Note that italics indicates telepathy.Seven
New Years Day, 2004.
New Years day was always a time, in theory at least, for new beginnings, for shucking off the old and starting fresh with the new. It often didn't work out that was of course, we humans do tend to be creatures of habit but this year would certainly be something else.
New Years Day was, auspiciously enough, the day that the final determination meeting would occur. This was the final chance to delay, the final Go/No Go (Wait) for the project.
Of course, it was a Go, we had little choice in that, the question was when?
The answer was simple, as soon as possible.
We knew of Anubis of course, not just from the reports the SGC was required to send to HMG which were inevitably copied to us but also through the lone agent we still had within the mountain and the assessment was that he presented a clear and present danger to the security not just of the United Kingdom, but of the Earth itself.
A military build-up was a necessity.
Were we ready? Not really, Thundersdawn station herself had no ship to ship armaments in her design nor shields as the SGC controlled those technologies and refused to share them. Her only protection was large sheets of armour plating which would actually be one of the last things installed on each section and an array of the Type II Pulse Lasers, well, actually Type IV by the time she was launched.
We also had no operational warcraft and that included fighters.
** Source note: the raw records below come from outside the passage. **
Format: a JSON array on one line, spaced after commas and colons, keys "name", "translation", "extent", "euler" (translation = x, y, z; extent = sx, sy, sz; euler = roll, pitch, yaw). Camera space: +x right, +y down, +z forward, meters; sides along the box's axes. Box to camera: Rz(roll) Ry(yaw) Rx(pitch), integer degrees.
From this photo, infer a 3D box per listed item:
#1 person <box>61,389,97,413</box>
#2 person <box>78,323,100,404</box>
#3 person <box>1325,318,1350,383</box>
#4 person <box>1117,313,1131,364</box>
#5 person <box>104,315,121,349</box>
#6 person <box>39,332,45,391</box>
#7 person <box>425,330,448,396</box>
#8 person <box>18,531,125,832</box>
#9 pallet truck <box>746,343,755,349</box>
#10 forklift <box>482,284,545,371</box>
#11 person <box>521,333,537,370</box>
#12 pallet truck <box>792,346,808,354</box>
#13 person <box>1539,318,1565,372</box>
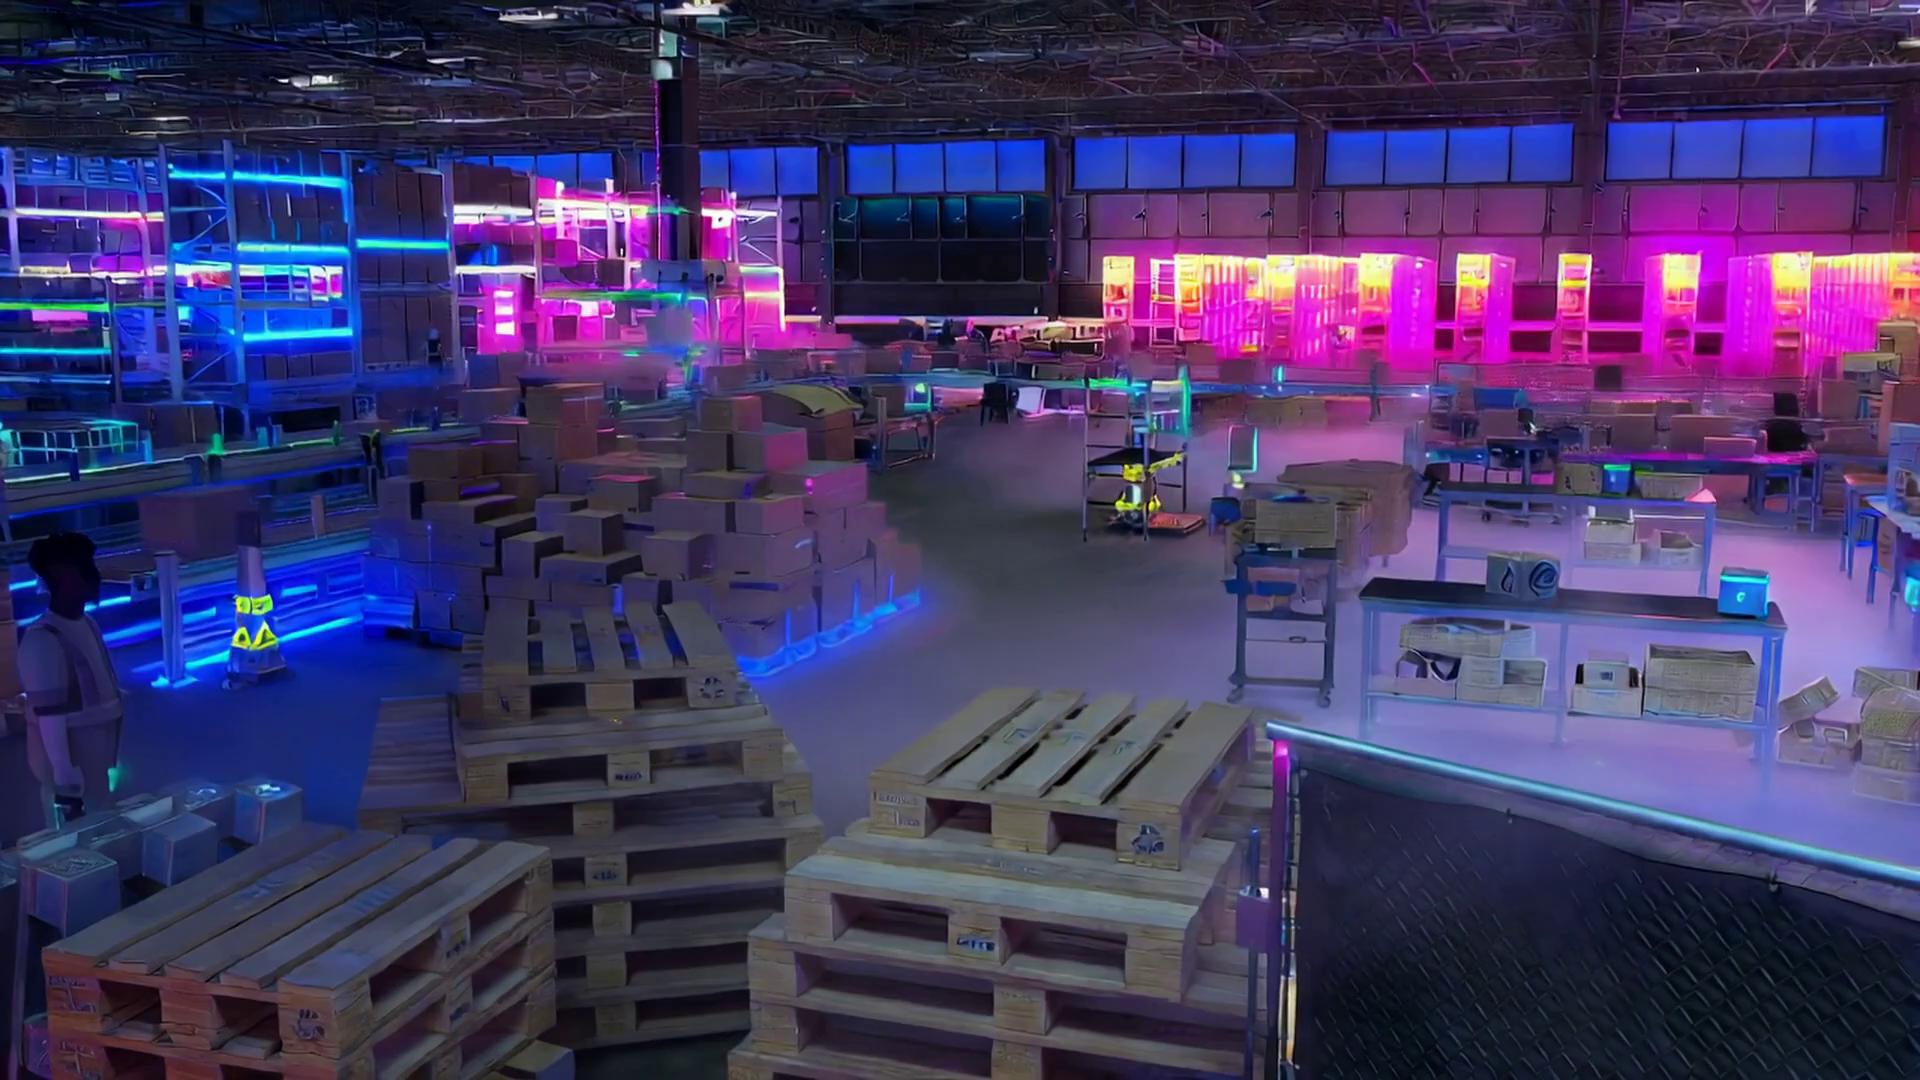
[{"name": "person", "translation": [-14.973, -2.363, 28.327], "extent": [0.602, 1.798, 0.877], "euler": [2, 9, 11]}, {"name": "person", "translation": [-20.264, -4.093, 38.816], "extent": [0.554, 1.914, 0.672], "euler": [4, 10, 25]}, {"name": "person", "translation": [9.813, -4.796, 43.226], "extent": [0.643, 1.908, 0.766], "euler": [1, 9, 8]}, {"name": "person", "translation": [5.271, -6.354, 53.317], "extent": [0.462, 1.814, 0.604], "euler": [1, 9, 9]}, {"name": "person", "translation": [-24.306, -5.461, 47.479], "extent": [0.636, 1.892, 0.990], "euler": [6, 11, 34]}, {"name": "person", "translation": [-22.262, -4.210, 40.296], "extent": [0.407, 1.676, 0.536], "euler": [-8, 12, -41]}, {"name": "person", "translation": [-13.283, -4.490, 42.115], "extent": [0.533, 1.662, 0.869], "euler": [2, 9, 13]}, {"name": "person", "translation": [-3.737, 0.936, 7.071], "extent": [0.367, 1.966, 0.606], "euler": [-2, 9, -14]}, {"name": "pallet truck", "translation": [-6.183, -4.618, 44.264], "extent": [1.601, 1.201, 0.680], "euler": [-9, 12, -43]}, {"name": "forklift", "translation": [-10.832, -4.702, 39.610], "extent": [1.129, 2.768, 1.873], "euler": [3, 10, 20]}, {"name": "person", "translation": [-9.527, -3.722, 37.006], "extent": [0.630, 1.741, 0.529], "euler": [-5, 10, -30]}, {"name": "pallet truck", "translation": [-3.705, -4.298, 42.022], "extent": [0.653, 1.274, 1.630], "euler": [3, 10, 20]}, {"name": "person", "translation": [17.948, -5.819, 50.008], "extent": [0.960, 1.802, 0.587], "euler": [5, 10, 27]}]
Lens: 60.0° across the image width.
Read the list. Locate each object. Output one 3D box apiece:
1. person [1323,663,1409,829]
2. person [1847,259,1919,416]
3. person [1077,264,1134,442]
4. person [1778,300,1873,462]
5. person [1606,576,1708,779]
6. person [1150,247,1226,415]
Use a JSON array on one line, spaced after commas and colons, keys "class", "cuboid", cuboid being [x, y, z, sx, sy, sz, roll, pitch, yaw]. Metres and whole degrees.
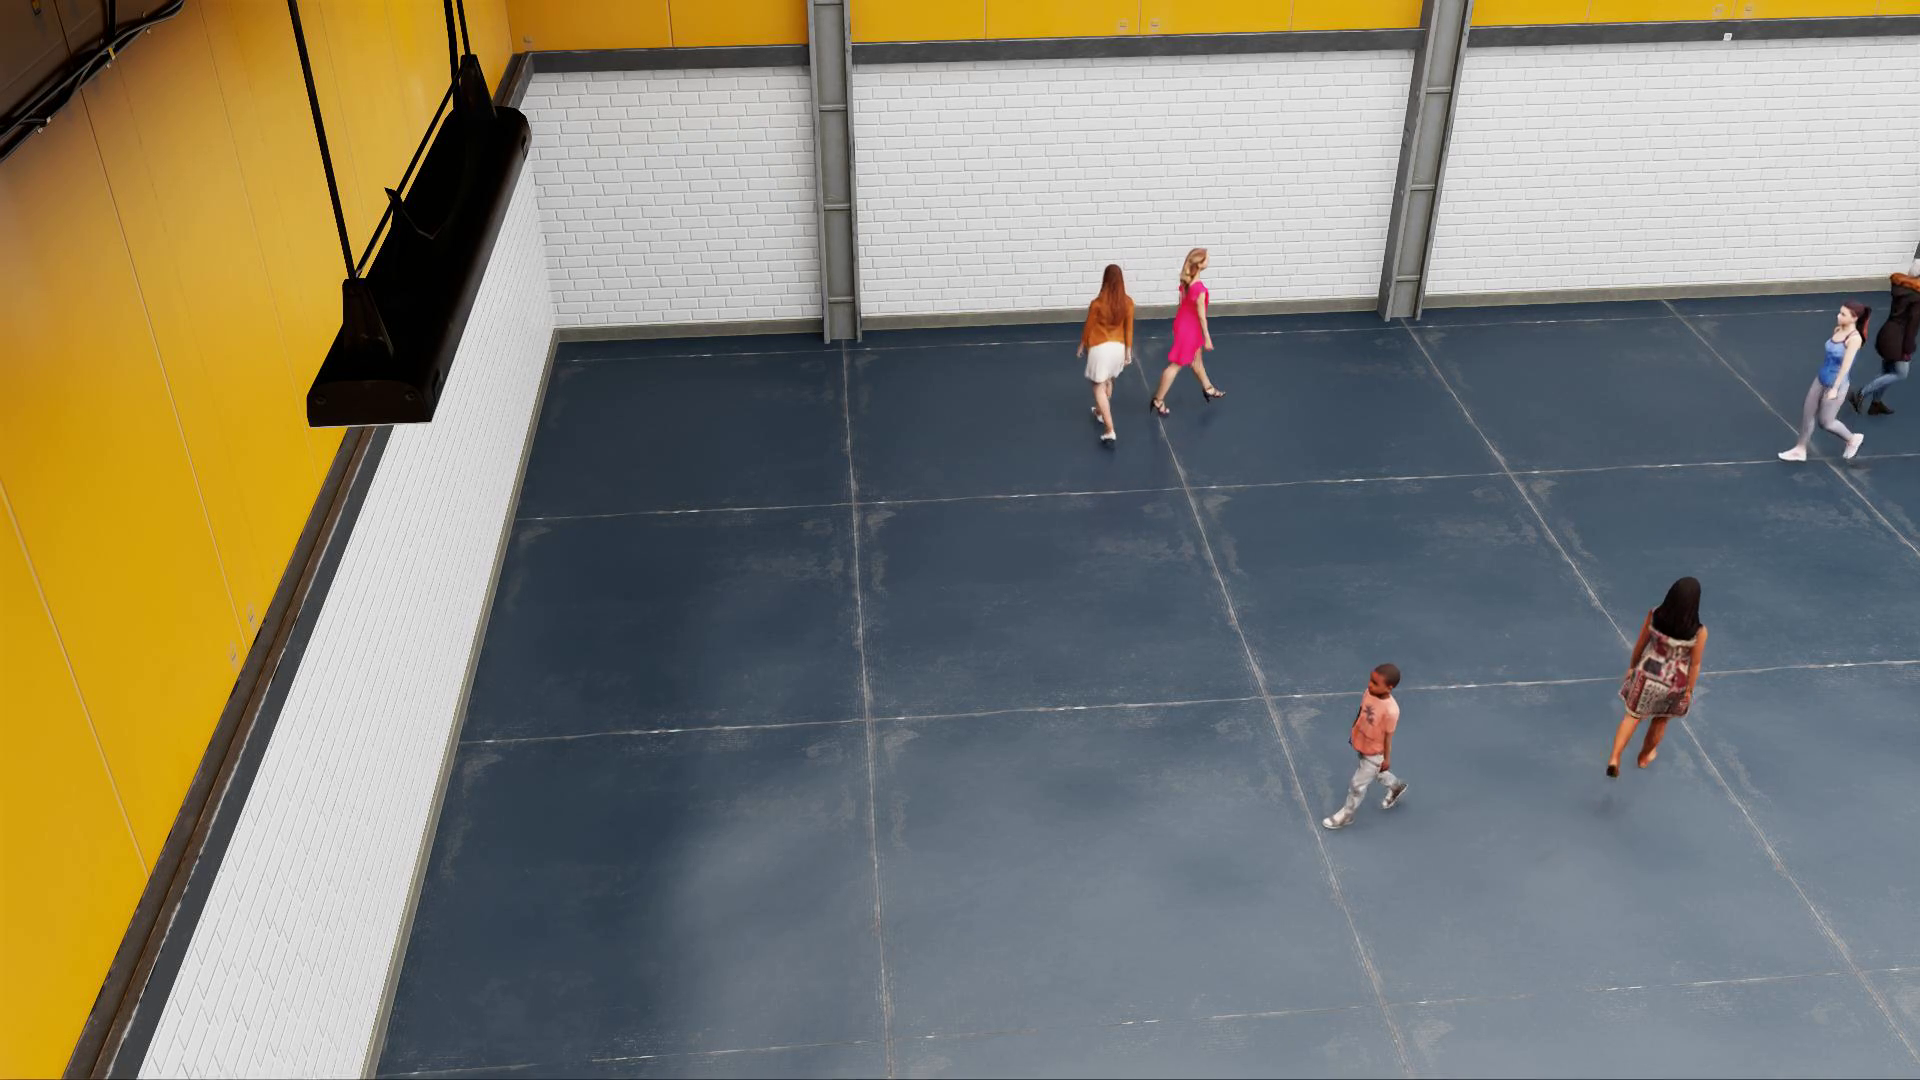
[{"class": "person", "cuboid": [2.803, 1.352, 11.094, 0.928, 1.297, 0.630, -11, 35, -15]}, {"class": "person", "cuboid": [8.769, -1.881, 15.658, 0.790, 1.629, 0.678, 1, 34, 1]}, {"class": "person", "cuboid": [1.365, -1.694, 15.317, 0.996, 1.696, 0.859, -13, 36, -19]}, {"class": "person", "cuboid": [7.901, -1.388, 14.946, 0.924, 1.596, 0.629, 1, 34, 2]}, {"class": "person", "cuboid": [4.745, 0.993, 11.337, 0.962, 1.626, 1.021, 25, 41, 32]}, {"class": "person", "cuboid": [2.056, -1.942, 15.692, 1.019, 1.692, 0.639, -6, 34, -9]}]

We planned on Thundersdawn being the initial construction point for our first generation of warships of course, but having no fighters certainly wasn't part of the original plan.
Still, we had to go, grab some sort of lead whilst the opportunity still existed. The SGC already had two operational Prometheus class warships, Prometheus herself and the Iwo Jima with construction started on a third, Independence and funding secured for what would become Persephone. Hammond was already attempting to secure funding for the SGC to have its own orbital facility and was gaining much ground in that area, if they launched first with the technological edge they maintained…
No, we had to go; we had to seize the day.
The date was set, 22 nd of February 2004.
Strange as it may seem, considering how often we have suffered delays and disappointments since, the 22 nd was the day Airhead 1-4-9 launched, carrying the first components of what would become Thundersdawn station into orbit with it, followed swiftly by airheads very cautiously and slowly lifting the Shunter space tugs into orbit, a task that it was later discovered 'bent' the airheads, causing structural damage, the weight being too much for those early models.
The night before I would be lying if I said I slept, it wasn't that I couldn't because that would imply that I had been given the opportunity to try, which I hadn't. Even up to the last minute, beyond that to be honest, we were still creating the administrative plans for the construction, rewriting to account for the loss or injury to several vital craft and components, rescheduling launches to account for civilian traffic making late flight plans through the area, deciding how best to protect the launches given how few aircraft the RAF had managed to spare with cleared personnel for that purpose, inspecting the bases hastily augmented defences which at that point at least, turned out not to be necessary…
We barely had time to breathe, let alone sleep.
But, that was the start of our grand adventure. The rest, as they say, is another story.